Intuitively, this model corresponds to taxpayers making daily decisions about what to do with their leisure time, knowing that taxes have to be done by time T to avoid a penalty. Each day taxpayers consider other leisure options, and their current mood. We view these random values of leisure time as resulting from a combination of tastes and external options for leisure time activities. One is unlikely to fill out tax forms on an evening one has been invited out with friends, or on an evening when one is feeling particularly lazy and unfocused.

This model leads to a non-degenerate distribution of tax return completion times, and parallels job-search models in the labor literature. The solution is characterized by a reservation level of opportunity cost, call it [z.sub.t], such that the taxpayer who reaches time t with the tax forms uncompleted will choose to complete the forms if the draw of opportunity cost that day is lower than [z.sub.t]; otherwise the taxpayer will postpone doing taxes for another day as in McCall [1970] and Lippman and McCall [1976]. If, upon completion of the tax return, the taxpayer is owed a refund, the return should be filed immediately; if tax is due, the return should not be remitted until the filing deadline.

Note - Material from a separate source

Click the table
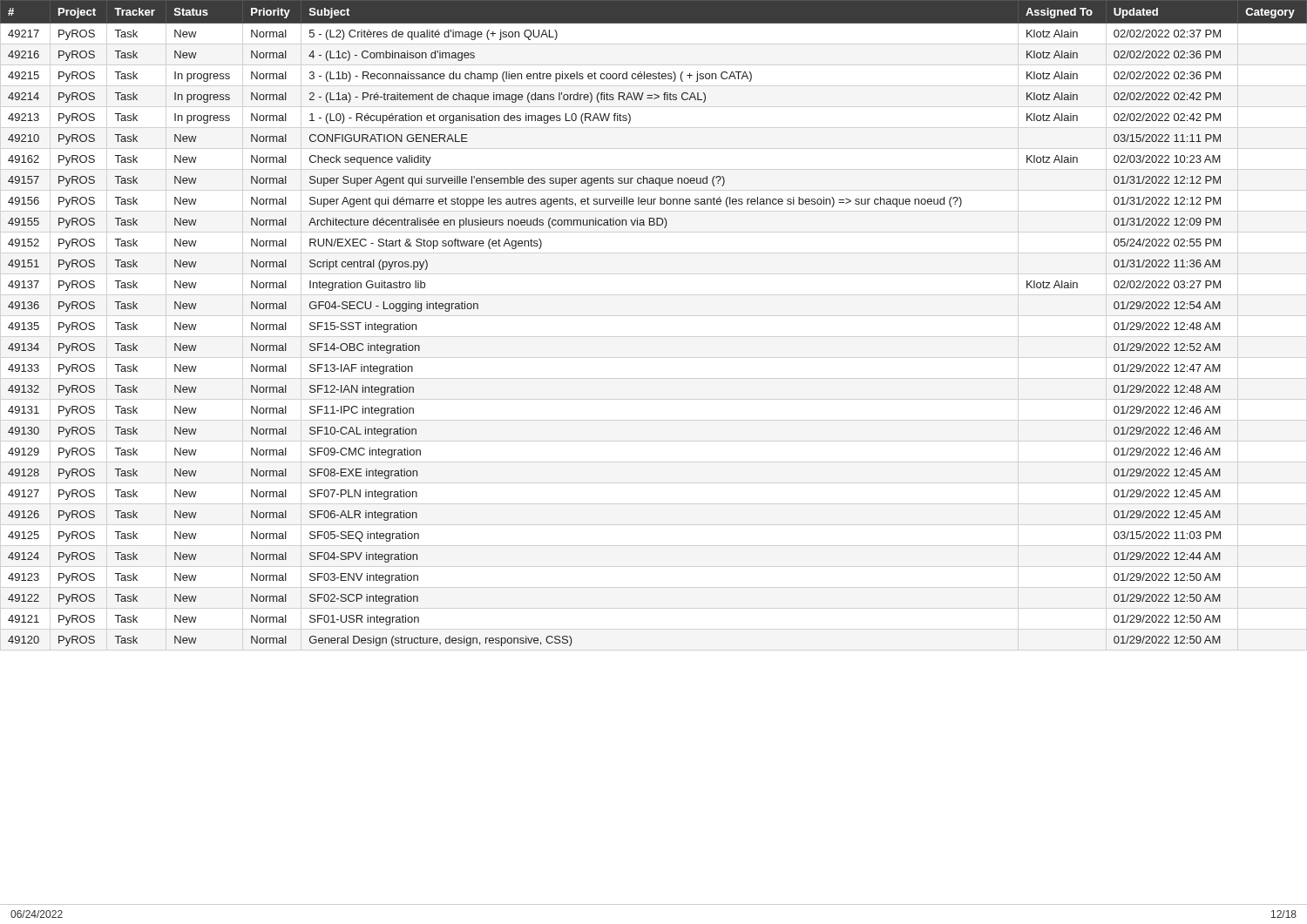654,325
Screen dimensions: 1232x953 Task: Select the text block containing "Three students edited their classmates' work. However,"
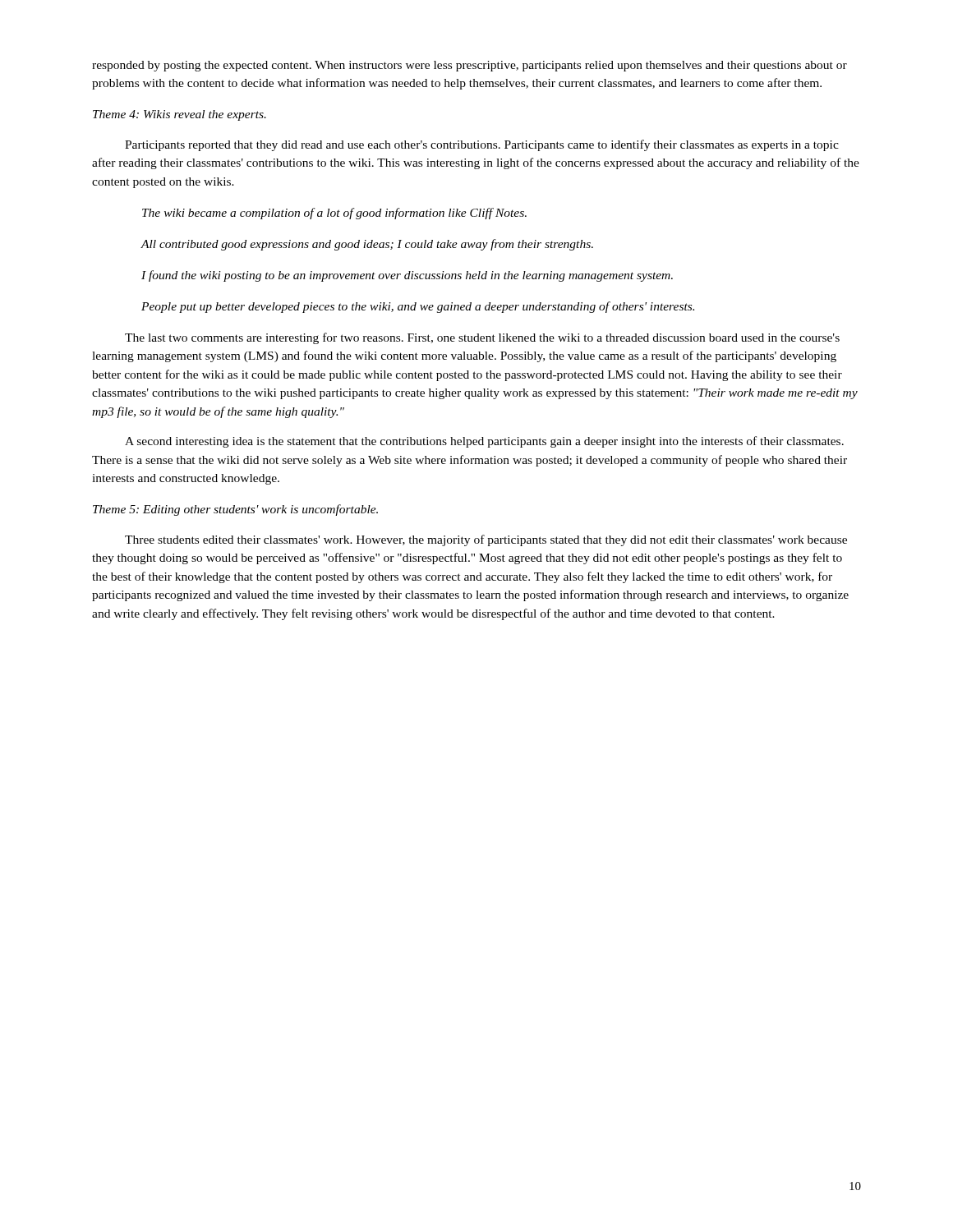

The predictions of this model fit the relevant aspects of observed behavior. First, people do postpone filling out their tax forms, even when they can reasonably expect a refund, sometimes waiting until just before the deadline. When the deadline is approached they often will be filling out their forms in a high disutility-of-time period, having passed up lower disutility periods, thinking they would get lower draws still. If people receive high enough draws as they near the deadline, it may be optimal for them to take the penalty and file late, allowing them to fill out their forms at a more convenient time; filing late can be optimal behavior. Thus, this model generates a non-degenerate distribution for filing of returns with refunds due.

Further predictions of this model, which follow directly from the solution of the analogous model presented in Mortensen [1977] and extended in Engberg [1991], are as follows. An earlier expected time of filing is associated with a higher reservation level of opportunity cost relative to the expected value of opportunity cost, which would be caused by a higher refund, lower costs of filing, higher interest rates, or a lower subjective discount rate. Thus, our model predicts that people with lower valuations of time, which in section V we will represent by lower incomes and age exemptions, should file earlier, for a given value of refund. Secondly, on average those people with larger refunds should file earlier than those with smaller refunds, who should file sooner than those people with taxes due, ceteris paribus. We expect complexity of the return to increase the time involved in completing the forms, thus causing people to file later. Note that in the simple model discussed above an increase in filing cost affected only people on the margin between filing at the earliest possible time or at the last minute; by contrast, in this model complexity decreases everyone's probabilities of filing in early periods. People with higher effective discount rates should postpone filling out their tax forms longer.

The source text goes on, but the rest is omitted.